The verbs δίδωμιἵστημι, and τίθημι form the PRESENT and AORIST subjunctive by adding the lengthened thematic ending to the short vowel stem, which then contracts (S 749).

 

The Present, Subjunctive, Active of δίδωμι (S 416; GPH p. 125)

διδῶ

διδῶμεν

διδῷς

διδῶτε

διδῷ

διδῶσι

 

The Aorist, Subjunctive, Active of δίδωμι (S 416; GPH p. 130)

δῶ

δῶμεν

δῷς

δῶτε

δῷ

δῶσι

 

The Present, Subjunctive, Active of ἵστημι (S 416; GPH p. 136)

ἱστῶ

ἱστῶμεν

ἱστῇς

ἱστῆτε

ἱστ

ἱστῶσι

 

The Second Aorist, Subjunctive, Active of ἵστημι (S 416; GPH p. 140)

στῶ

στῶμεν

στῇς

στῆτε

στ

στῶσι

 

Recall that ἵστημι has both a SECOND and FIRST aorist to indicate INTRANSITIVE and TRANSITIVE use, respectively. The first aorist conjugates regularly:

The First Aorist, Subjunctive, Active of ἵστημι 

στήσω

στήσωμεν

στήσῃς

στήσητε

στήσῃ

στήσωσι

 

The Present, Subjunctive, Active of τίθημι (S 416; GPH p. 147)

τιθῶ

τιθῶμεν

τιθῇς

τιθῆτε

τιθῇ

τιθῶσι

 

The Aorist, Subjunctive, Active of τίθημι (S 416; GPH p. 152)

θῶ

θῶμεν

θῇς

θῆτε

θῇ

θῶσι

 

 


The Subjunctive Mood: Main Clause

 

As discussed above, the tenses of the subjunctive reflect ASPECT, not time. It may be of no surprise to learn that the PRESENT and AORIST are the most common tenses of the subjunctive that you will encounter. The PERFECT subjunctive appears rarely in Greek (S 691-693).

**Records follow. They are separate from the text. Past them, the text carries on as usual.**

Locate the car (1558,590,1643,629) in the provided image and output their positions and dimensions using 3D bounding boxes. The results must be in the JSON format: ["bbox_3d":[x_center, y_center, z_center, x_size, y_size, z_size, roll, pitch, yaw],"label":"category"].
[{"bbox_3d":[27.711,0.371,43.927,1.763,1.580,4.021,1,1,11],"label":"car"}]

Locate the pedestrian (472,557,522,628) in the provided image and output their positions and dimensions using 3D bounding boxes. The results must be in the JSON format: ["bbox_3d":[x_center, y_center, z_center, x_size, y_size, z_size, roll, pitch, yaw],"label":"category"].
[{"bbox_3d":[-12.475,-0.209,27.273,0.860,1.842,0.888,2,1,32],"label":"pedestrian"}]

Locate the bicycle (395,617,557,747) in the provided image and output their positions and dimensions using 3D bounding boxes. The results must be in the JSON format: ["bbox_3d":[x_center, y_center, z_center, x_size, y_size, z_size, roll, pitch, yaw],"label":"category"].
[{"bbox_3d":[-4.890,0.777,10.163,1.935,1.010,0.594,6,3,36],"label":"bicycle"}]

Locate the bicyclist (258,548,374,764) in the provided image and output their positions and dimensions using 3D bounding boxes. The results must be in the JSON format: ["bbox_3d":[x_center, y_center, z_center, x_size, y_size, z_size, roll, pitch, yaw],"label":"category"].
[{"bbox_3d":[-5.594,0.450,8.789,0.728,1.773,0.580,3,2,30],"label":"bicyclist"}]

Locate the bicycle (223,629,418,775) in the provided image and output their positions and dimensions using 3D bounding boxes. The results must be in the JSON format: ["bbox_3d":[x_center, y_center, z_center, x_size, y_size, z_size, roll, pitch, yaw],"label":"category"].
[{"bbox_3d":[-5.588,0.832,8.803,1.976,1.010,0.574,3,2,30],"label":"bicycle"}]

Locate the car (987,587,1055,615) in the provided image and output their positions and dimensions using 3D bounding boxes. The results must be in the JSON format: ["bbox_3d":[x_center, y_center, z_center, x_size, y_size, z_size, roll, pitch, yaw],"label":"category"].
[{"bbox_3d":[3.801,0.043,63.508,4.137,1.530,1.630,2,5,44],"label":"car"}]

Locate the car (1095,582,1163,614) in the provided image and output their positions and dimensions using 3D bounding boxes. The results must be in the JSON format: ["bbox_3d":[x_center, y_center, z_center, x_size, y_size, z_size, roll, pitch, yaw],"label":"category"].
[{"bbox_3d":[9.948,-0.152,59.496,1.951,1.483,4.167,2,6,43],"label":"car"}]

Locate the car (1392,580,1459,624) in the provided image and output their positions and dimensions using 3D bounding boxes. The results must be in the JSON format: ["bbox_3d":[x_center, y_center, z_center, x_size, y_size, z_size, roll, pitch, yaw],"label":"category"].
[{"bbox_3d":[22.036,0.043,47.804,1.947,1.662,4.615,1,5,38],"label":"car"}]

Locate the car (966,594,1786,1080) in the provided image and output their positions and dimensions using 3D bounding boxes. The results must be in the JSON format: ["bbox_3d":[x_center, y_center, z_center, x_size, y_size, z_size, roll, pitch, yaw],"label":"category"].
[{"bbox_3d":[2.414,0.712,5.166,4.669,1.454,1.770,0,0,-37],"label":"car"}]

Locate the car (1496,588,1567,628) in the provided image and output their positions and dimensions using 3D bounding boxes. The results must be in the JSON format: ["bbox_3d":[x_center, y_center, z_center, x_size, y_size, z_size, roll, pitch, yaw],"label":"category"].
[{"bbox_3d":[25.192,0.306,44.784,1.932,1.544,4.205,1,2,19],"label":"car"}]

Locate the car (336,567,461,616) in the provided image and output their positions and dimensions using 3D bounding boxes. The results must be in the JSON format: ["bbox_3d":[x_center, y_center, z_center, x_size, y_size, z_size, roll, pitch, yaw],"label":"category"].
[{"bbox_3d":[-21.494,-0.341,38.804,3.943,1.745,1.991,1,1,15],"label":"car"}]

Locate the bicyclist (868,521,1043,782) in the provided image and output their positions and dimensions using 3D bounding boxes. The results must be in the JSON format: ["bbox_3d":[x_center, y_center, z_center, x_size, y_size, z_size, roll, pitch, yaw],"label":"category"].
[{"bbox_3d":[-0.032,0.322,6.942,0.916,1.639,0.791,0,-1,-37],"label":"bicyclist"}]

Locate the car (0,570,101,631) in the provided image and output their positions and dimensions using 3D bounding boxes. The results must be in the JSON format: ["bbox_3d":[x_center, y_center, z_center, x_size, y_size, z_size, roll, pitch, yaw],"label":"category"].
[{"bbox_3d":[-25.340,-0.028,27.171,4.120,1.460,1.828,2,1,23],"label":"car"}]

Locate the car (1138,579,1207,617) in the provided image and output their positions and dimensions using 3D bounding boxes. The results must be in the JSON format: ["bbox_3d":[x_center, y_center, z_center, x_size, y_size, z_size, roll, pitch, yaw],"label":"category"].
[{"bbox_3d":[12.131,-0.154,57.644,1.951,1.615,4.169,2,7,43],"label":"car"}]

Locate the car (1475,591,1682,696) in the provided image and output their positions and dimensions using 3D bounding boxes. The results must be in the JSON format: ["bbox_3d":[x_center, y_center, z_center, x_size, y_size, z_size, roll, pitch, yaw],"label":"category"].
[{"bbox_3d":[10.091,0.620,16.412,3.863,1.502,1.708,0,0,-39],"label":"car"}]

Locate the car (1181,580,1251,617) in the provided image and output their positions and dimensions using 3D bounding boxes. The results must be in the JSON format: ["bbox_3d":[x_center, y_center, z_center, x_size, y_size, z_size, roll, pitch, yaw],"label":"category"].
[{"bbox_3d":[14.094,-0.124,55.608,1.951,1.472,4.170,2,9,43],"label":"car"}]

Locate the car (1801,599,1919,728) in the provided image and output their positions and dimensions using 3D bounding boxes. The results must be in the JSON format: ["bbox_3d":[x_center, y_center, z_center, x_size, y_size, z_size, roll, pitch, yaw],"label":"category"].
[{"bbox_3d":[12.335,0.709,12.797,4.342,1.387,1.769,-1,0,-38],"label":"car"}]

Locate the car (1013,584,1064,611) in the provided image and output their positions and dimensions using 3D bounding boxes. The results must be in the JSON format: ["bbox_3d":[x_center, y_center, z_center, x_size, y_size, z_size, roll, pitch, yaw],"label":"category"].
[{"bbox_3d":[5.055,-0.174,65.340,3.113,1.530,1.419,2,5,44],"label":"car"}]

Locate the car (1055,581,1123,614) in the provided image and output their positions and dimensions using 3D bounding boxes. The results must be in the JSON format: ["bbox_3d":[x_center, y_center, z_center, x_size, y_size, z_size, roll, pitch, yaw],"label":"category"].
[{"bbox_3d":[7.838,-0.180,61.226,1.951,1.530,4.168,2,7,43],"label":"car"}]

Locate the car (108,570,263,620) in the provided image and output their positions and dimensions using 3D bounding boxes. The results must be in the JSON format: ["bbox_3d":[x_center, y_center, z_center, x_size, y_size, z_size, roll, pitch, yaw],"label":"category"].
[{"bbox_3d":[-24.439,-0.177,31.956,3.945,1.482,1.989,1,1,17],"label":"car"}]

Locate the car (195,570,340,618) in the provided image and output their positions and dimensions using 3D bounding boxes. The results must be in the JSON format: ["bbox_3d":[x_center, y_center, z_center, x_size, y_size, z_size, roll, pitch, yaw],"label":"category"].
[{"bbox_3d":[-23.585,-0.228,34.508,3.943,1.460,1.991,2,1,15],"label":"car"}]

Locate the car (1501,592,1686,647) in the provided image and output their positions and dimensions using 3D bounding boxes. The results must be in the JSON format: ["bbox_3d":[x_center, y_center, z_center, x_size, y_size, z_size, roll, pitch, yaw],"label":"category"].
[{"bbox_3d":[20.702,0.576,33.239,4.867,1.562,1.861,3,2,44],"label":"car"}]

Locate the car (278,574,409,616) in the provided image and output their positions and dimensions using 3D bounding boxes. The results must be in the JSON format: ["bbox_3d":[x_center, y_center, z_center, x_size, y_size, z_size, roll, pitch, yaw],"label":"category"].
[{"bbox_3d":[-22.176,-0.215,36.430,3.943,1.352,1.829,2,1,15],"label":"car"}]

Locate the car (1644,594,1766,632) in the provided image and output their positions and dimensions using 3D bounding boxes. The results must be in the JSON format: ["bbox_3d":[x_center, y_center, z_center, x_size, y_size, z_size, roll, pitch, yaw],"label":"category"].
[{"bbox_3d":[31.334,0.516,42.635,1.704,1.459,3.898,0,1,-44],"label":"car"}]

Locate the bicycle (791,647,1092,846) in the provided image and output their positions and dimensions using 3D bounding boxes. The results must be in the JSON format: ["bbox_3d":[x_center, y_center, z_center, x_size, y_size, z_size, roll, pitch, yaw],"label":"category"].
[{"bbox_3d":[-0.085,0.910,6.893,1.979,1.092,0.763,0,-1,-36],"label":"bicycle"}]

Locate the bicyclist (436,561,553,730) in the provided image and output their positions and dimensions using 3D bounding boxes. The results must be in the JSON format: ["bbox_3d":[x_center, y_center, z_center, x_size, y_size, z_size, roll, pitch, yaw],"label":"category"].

The Greek subjunctive is used both in MAIN CLAUSES (i.e., as the main verb) and SUBORDINATE CLAUSES. We discuss subordinate clauses in the next lesson. For now, less us look at the use of subjunctives as main verbs.

There are three uses of the subjunctive in main clauses:

  • hortatory
  • deliberative
  • prohibitive

 

Hortatory Subjunctive

The HORTATORY subjunctive is used to convey an exhortation, proposal, or request (S 1797-1799). Common characteristics of the hortatory subjunctive are:

  • It is used only in the PRESENT or AORIST tense
  • It is used only in the 1st PERSON, almost always in the PLURAL
  • The negative is μή

While hortatory subjunctives often express suggestions for action, in other contexts they may serve essentially as 1st person imperatives.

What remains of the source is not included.